Stored items:

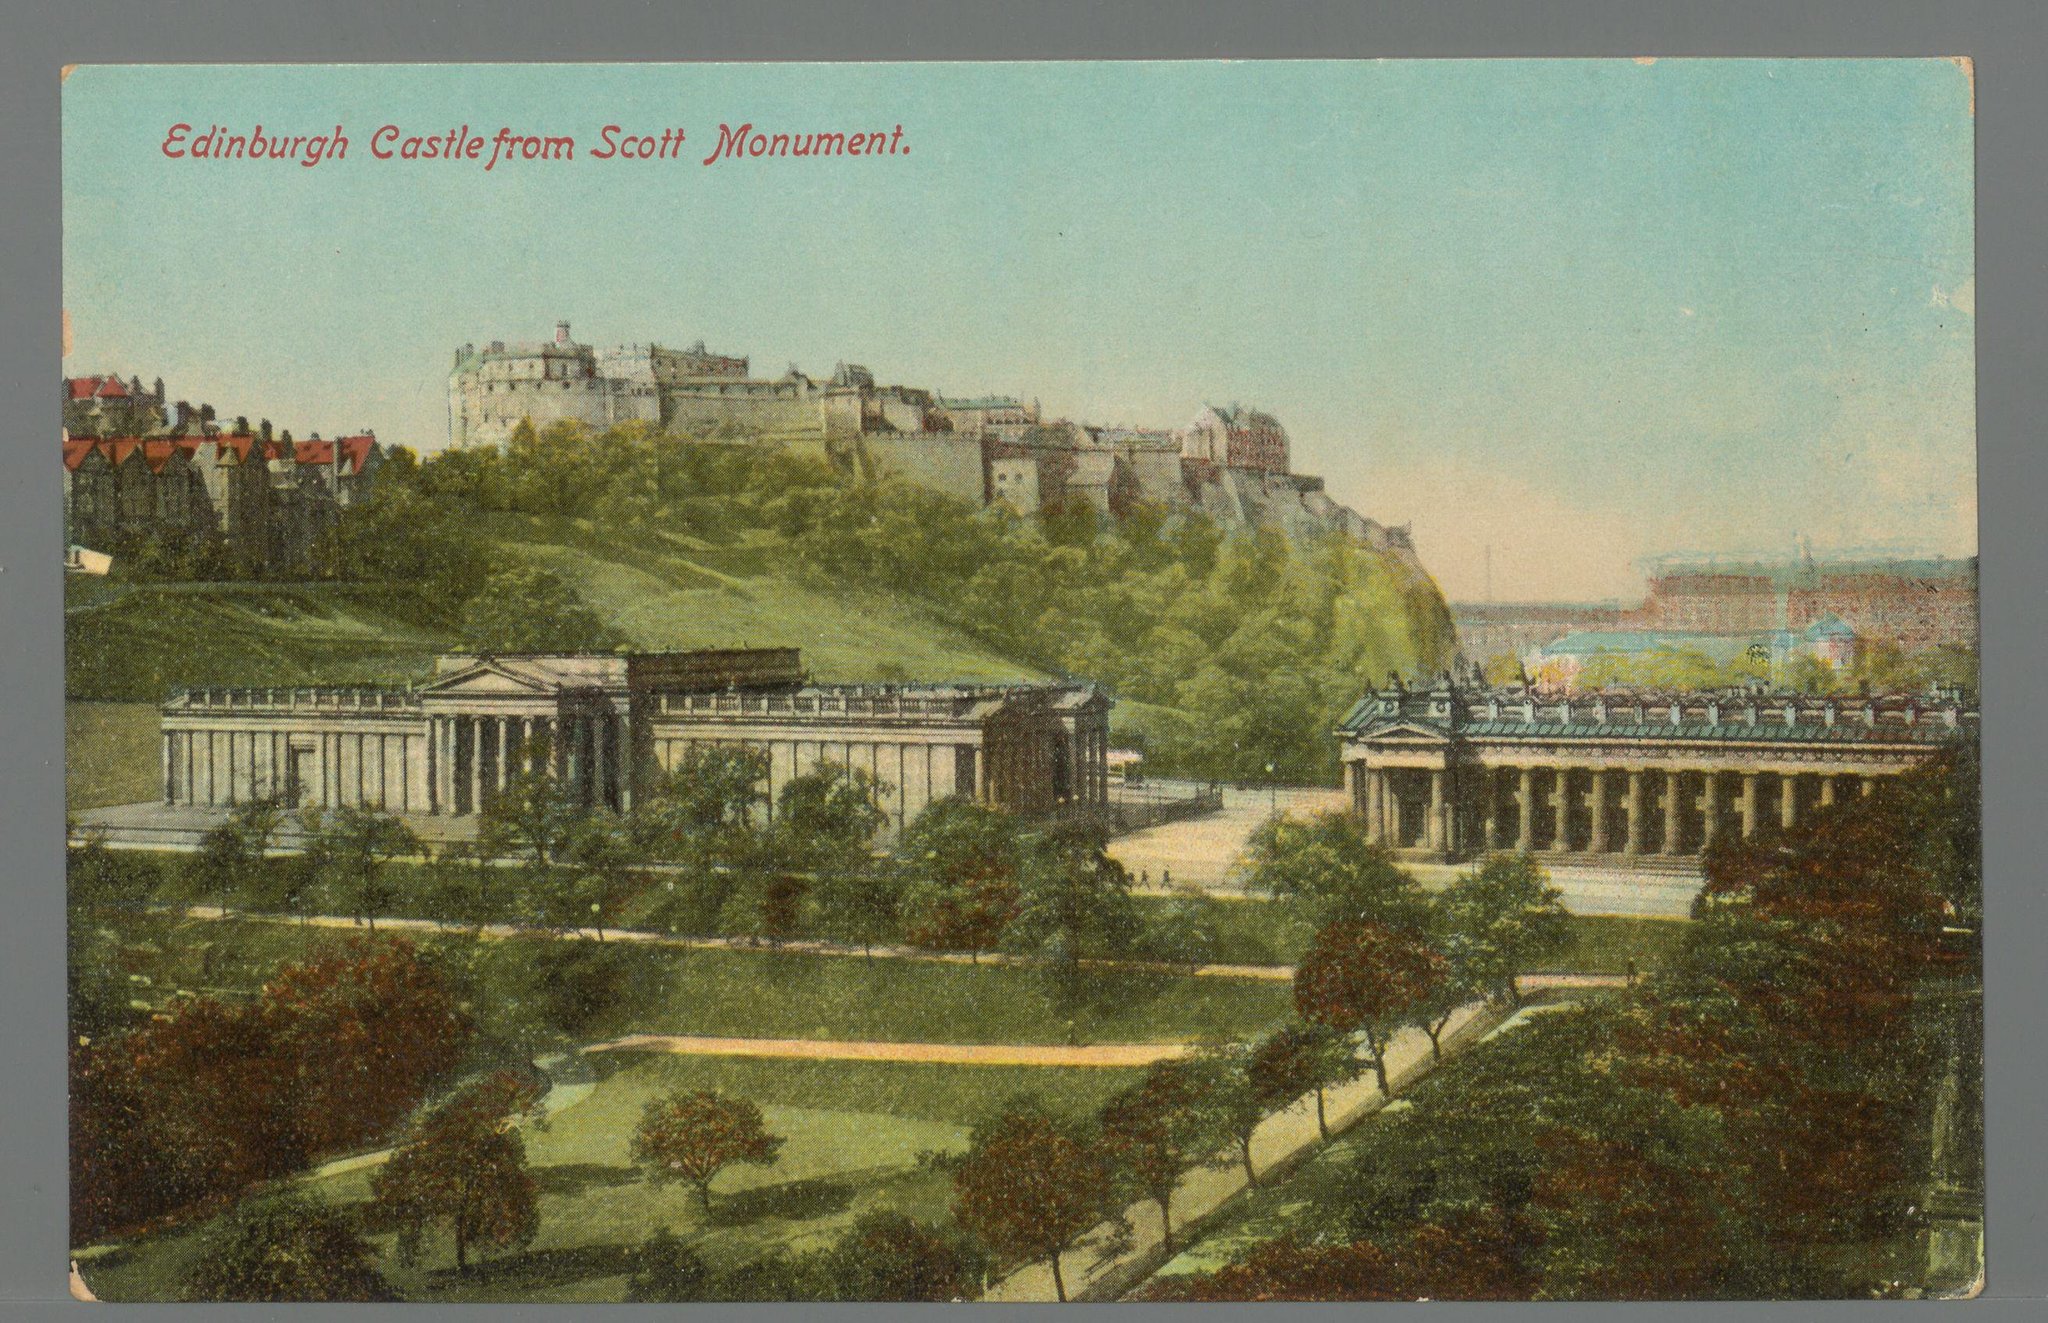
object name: photomechanical print
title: Reliable Series
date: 1902-1930
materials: cardboard
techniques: lithograph
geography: edinburgh
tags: castle

- _What is being asked_:
Omit the images and transcribe all of the records above word for word.

- _Output of the exercise_:
object name: photomechanical print
title: Reliable Series
date: 1902-1930
materials: cardboard
techniques: lithograph
geography: edinburgh
tags: castle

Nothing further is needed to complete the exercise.